**GIVEN DATA**
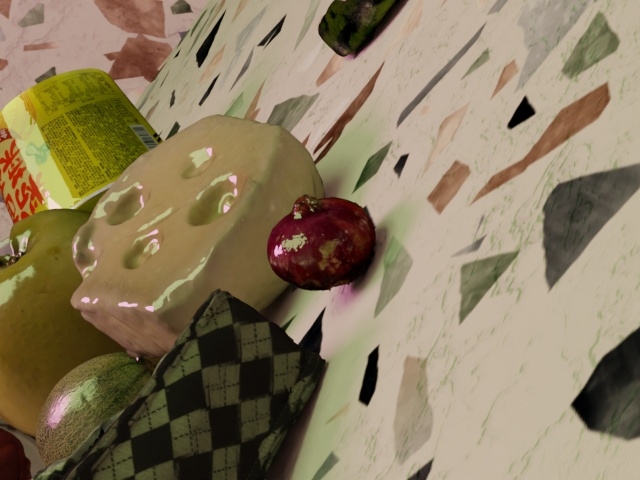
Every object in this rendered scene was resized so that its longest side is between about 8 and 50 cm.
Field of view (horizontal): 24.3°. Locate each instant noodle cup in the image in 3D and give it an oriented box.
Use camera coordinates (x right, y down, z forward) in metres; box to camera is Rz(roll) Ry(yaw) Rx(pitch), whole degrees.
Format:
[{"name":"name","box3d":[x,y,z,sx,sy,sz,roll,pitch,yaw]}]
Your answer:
[{"name":"instant noodle cup","box3d":[-0.370,-0.106,2.291,0.311,0.221,0.311,-29,-16,-9]}]

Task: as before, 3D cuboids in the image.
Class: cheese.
[{"name":"cheese","box3d":[-0.143,0.001,1.649,0.318,0.115,0.326,-28,32,22]}]

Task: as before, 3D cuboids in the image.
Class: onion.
[{"name":"onion","box3d":[0.000,0.000,1.395,0.107,0.097,0.107,-12,24,6]}]

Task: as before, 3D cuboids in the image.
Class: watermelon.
[{"name":"watermelon","box3d":[0.065,-0.307,1.879,0.119,0.063,0.245,-47,-2,-44]}]

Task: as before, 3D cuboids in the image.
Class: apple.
[{"name":"apple","box3d":[-0.321,0.102,1.880,0.292,0.254,0.292,-27,32,18]}]

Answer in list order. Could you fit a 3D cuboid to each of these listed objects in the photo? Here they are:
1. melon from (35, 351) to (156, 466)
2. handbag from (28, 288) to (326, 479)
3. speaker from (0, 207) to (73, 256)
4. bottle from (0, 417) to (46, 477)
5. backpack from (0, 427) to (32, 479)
[{"name":"melon","box3d":[-0.253,0.213,1.709,0.192,0.139,0.139,-50,17,14]},{"name":"handbag","box3d":[-0.186,0.250,1.401,0.416,0.180,0.317,-49,9,49]},{"name":"speaker","box3d":[-0.454,0.133,2.134,0.406,0.183,0.184,-32,-14,4]},{"name":"bottle","box3d":[-0.486,0.352,2.052,0.229,0.229,0.351,-64,16,-20]},{"name":"backpack","box3d":[-0.372,0.285,1.499,0.229,0.138,0.229,-56,-22,-37]}]
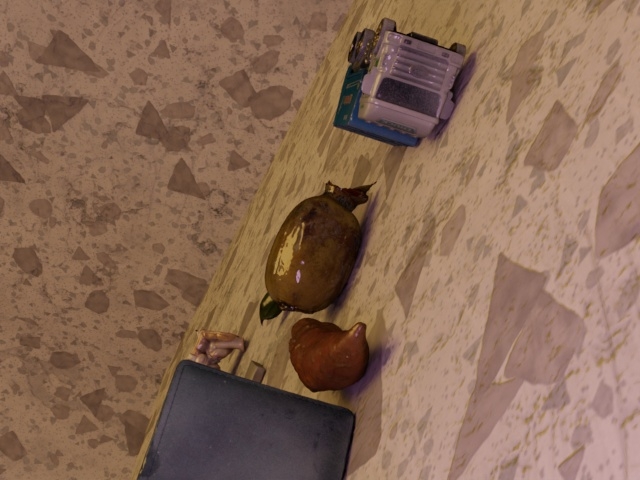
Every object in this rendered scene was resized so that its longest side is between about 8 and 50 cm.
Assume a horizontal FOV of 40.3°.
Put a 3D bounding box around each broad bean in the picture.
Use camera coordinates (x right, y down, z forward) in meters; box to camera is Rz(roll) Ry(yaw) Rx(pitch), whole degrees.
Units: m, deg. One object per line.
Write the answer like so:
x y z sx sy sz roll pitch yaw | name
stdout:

**WHAT YOU WILL DO**
Report the number of lines in the entries that hold the word "down". Nothing else is wanted.

**EXERCISE OUTPUT**
2